The second time I run this script, it will not need to re-install dependencies and the run will take a minute less. In other words it is not a problem to have the installation as part of the job but you can also split this into two scripts: one for installation and one for running the code.
This is how my folder looks after the run:
.
├── environment.yml
├── example.py
├── .gitattributes
├── .gitignore
├── .pixi
├── pixi
├── pixi.lock
├── pixi.toml
├── run.sh
└── slurm-13566209.out
1 directory, 9 files
The .pixi
folder contains the environment. The environment is defined by
pixi.toml
and the lock file is pixi.lock
.
Creating a virtual environment using uv
Like in the previous example, I start with three files:
.
├── example.py
├── requirements.txt
└── run.sh
0 directories, 3 files
This time I will install dependencies defined in the file requirements.txt
which happens to contain the following:
numpy
matplotlib
pandas
The interesting part is again the run.sh
file:
#!/usr/bin/env bash
#SBATCH --account=nn9997k
#SBATCH --job-name='test'
#SBATCH --time=0-00:10:00
#SBATCH --mem-per-cpu=2G
#SBATCH --ntasks=1
# how to adapt this for your project:
# - change the account (above)
# - check and adjust UV_CACHE_DIR (below)

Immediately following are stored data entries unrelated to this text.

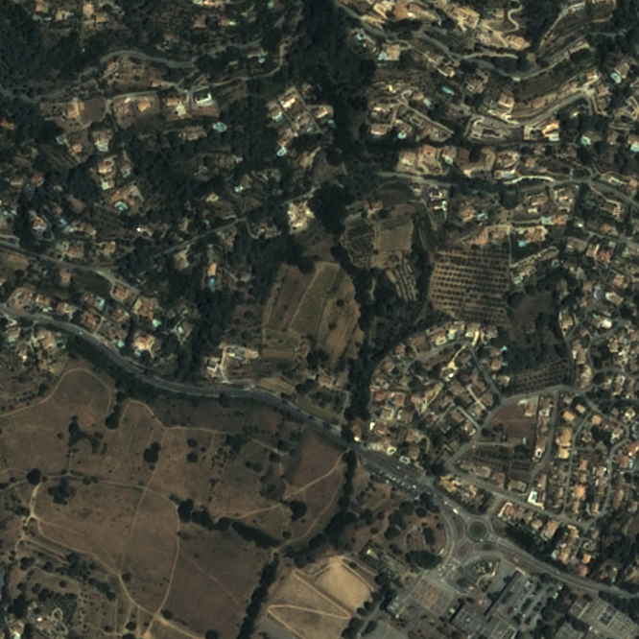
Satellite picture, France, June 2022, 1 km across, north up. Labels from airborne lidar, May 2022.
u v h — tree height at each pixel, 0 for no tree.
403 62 12
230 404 22
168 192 29
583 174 8
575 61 14
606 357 8
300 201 5
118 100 0
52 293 0
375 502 0
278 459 19
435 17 0
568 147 9
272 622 0
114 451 0
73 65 17
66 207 7
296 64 20
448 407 8
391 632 0
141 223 9
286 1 13
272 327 0
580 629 21
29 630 13
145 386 6
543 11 15
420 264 10
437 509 17
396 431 12
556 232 0
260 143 24
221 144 18
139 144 21
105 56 16
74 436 8
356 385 9
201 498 0
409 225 0
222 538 0
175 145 17
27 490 0
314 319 0
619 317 11
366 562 7
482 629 0
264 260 21
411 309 6
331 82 20
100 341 0
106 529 0
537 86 0
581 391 0
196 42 9
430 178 10
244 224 7
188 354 9
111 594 10
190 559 0
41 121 23
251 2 7
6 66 12
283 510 0
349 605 0
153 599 0
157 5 22
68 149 6
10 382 0
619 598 13
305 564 13
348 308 0
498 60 20
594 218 8
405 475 0
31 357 8
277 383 0
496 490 0
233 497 0
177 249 7
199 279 21
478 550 0
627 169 15
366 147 12
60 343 7
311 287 0
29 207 14
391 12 16
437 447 10
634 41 28
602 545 10
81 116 0
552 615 16
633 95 19
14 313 0
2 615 13
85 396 0
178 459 0
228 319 24
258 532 13
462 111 6
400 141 13
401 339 9
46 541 0
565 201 0
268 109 13
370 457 0
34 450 0
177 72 20
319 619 0
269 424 0
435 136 0
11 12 10
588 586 0
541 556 14
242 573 0
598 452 7
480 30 7
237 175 12
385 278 18
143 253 19
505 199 17
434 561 16
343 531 13
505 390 8
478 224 8
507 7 7
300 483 0
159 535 0
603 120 13
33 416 0
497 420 0
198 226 14
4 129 16
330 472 0
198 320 7
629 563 11
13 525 0
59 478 0
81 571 20
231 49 11
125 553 0
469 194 22
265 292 21
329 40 27
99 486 0
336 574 0
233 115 18
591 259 9
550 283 19
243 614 0
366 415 13
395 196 0
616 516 12
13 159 8
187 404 0
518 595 0
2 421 0
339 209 17
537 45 20
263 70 7
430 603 0
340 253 17
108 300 6
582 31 6
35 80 16
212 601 0
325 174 0
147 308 0
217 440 0
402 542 0
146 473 0
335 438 0
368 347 17
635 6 14
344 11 13
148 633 0
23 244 12
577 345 0
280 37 15
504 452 7
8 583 9
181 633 0
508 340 15
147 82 0
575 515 0
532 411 0
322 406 10
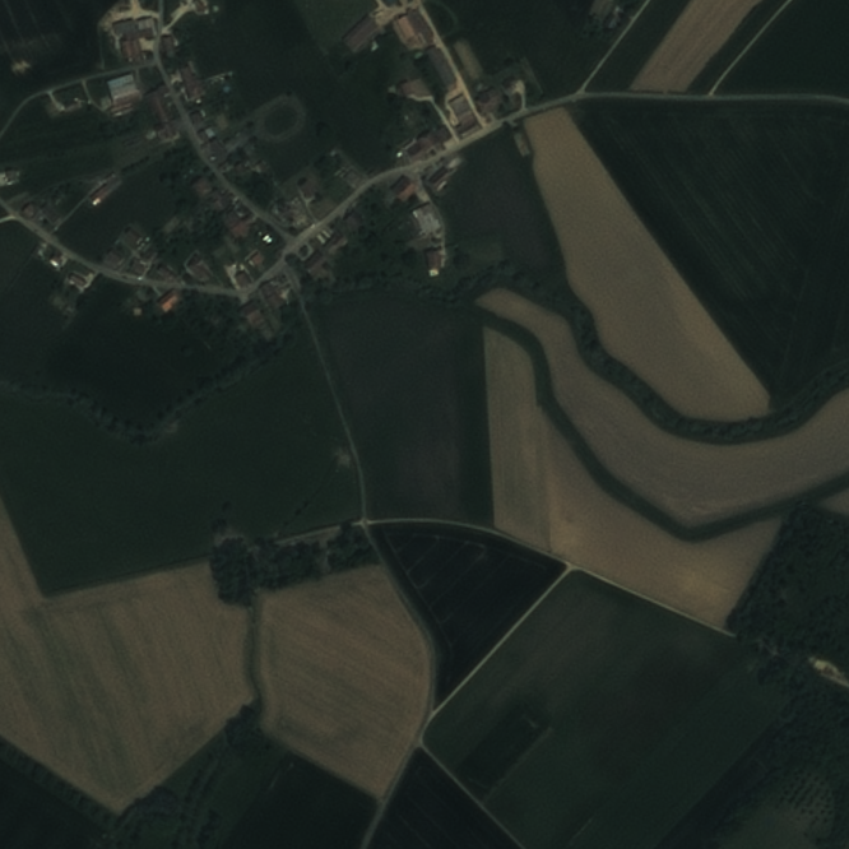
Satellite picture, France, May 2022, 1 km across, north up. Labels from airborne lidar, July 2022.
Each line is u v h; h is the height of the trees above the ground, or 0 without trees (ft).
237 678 0
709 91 0
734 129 0
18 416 0
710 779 0
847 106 0
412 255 50
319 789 0
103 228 0
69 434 0
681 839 0
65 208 0
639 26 0
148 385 0
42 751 0
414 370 0
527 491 0
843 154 0
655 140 0
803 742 60
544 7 0
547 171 0
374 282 51
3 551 0
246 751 80
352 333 0
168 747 0
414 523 0
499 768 0
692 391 0
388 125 0
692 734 0
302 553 66
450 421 0
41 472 0
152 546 0
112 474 0
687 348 0
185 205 40
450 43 0
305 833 0
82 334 0
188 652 0
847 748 75
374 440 0
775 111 0
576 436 0
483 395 0
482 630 0
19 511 0
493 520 0
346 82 0
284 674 0
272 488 0
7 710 0
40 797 0
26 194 0
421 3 0
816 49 0
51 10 0
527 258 0
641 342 0
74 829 0
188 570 0
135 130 20
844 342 0
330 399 0
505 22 0
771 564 39
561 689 0
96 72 0
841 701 44
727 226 0
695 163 0
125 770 0
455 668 0
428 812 0
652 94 0
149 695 0
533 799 0
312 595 0
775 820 0
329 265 27
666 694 0
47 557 0
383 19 0
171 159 33
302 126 0
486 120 0
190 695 0
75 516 0
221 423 0
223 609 0
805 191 0
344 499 0
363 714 0
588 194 0
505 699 0
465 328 0
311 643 0
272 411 0
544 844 0
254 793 0
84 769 0
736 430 44
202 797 33
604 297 0
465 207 0
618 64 0
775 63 0
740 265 0
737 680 0
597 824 0
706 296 0
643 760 0
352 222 0
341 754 0
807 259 0
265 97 0
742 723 0
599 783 0
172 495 0
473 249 0
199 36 0
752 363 0
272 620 0
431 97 0
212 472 0
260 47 0
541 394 0
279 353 45
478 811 0
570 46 0
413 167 0
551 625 0
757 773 0
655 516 0
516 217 0
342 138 0
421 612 0
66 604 0
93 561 0
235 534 0
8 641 0
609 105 0
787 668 82
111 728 0
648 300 0
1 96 0
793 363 0
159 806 74
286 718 0
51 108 0
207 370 0
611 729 0
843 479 0
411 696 0
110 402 0
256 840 0
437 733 0
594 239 0
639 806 0
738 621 54
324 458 0
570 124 0
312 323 0
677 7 0
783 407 0
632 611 0
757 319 0
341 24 0
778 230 0
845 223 0
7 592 0
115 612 0
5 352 0
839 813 24
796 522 45
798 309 0
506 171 0
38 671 0
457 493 0
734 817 44
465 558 0
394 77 0
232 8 0
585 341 29
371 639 0
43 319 0
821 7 0
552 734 0
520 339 0
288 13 0
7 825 0
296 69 0
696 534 0
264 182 35
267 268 0
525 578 0
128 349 0
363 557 55
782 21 0
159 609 0
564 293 0
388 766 0
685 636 0
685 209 0
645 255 0
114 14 0
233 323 31
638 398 0
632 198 0
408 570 0
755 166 0
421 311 0
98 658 0
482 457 0
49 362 0
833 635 25
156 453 0
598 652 0
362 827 0
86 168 0
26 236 0
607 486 0
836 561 18
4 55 0
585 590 0

# - place this script in your project folder, not in your home
# use safe bash settings
set -euf -o pipefail
UV_VERSION="0.5.14"
# we have to re-define the cache directory otherwise it writes files to
# ~/.cache and fills home quota
# it would make sense to use one cache for all projects or your entire research
# group but don't put it in your home
# just for the sake of demonstration it is now placed in ${USERWORK} but
# project space would be better
export UV_CACHE_DIR=${USERWORK}/cache
# if uv does not exist, download it
if [ ! -e uv ]; then
wget -q https://github.com/astral-sh/uv/releases/download/${UV_VERSION}/uv-x86_64-unknown-linux-musl.tar.gz -O - | tar xz --strip-components=1 -C . uv-x86_64-unknown-linux-musl/uv
fi
# create a fresh virtual environment unless it exists
if [ ! -d venv ]; then
./uv venv venv
fi
# activate the environment
source venv/bin/activate
# synchronize environment with requirements.txt
# in other words: install dependencies into the venv
./uv pip sync requirements.txt
# run the example code
./uv run python example.py
I send it to the queue with sbatch run.sh
. First time I run this script, it
will download uv
, create the virtual environment venv
, and install
dependencies defined in requirements.txt
.
The second time I run this script, it will not need to re-install dependencies and the run will take a minute less. In other words it is not a problem to have the installation as part of the job but you can also split this into two scripts: one for installation and one for running the code.
This is how my folder looks after the run:
.
├── example.py
├── requirements.txt
├── run.sh
├── slurm-13566280.out
├── uv
└── venv
1 directory, 5 files
The venv
folder contains the environment. It is good that the environment is close to the calculation
since both belong together to make the calculation reproducible.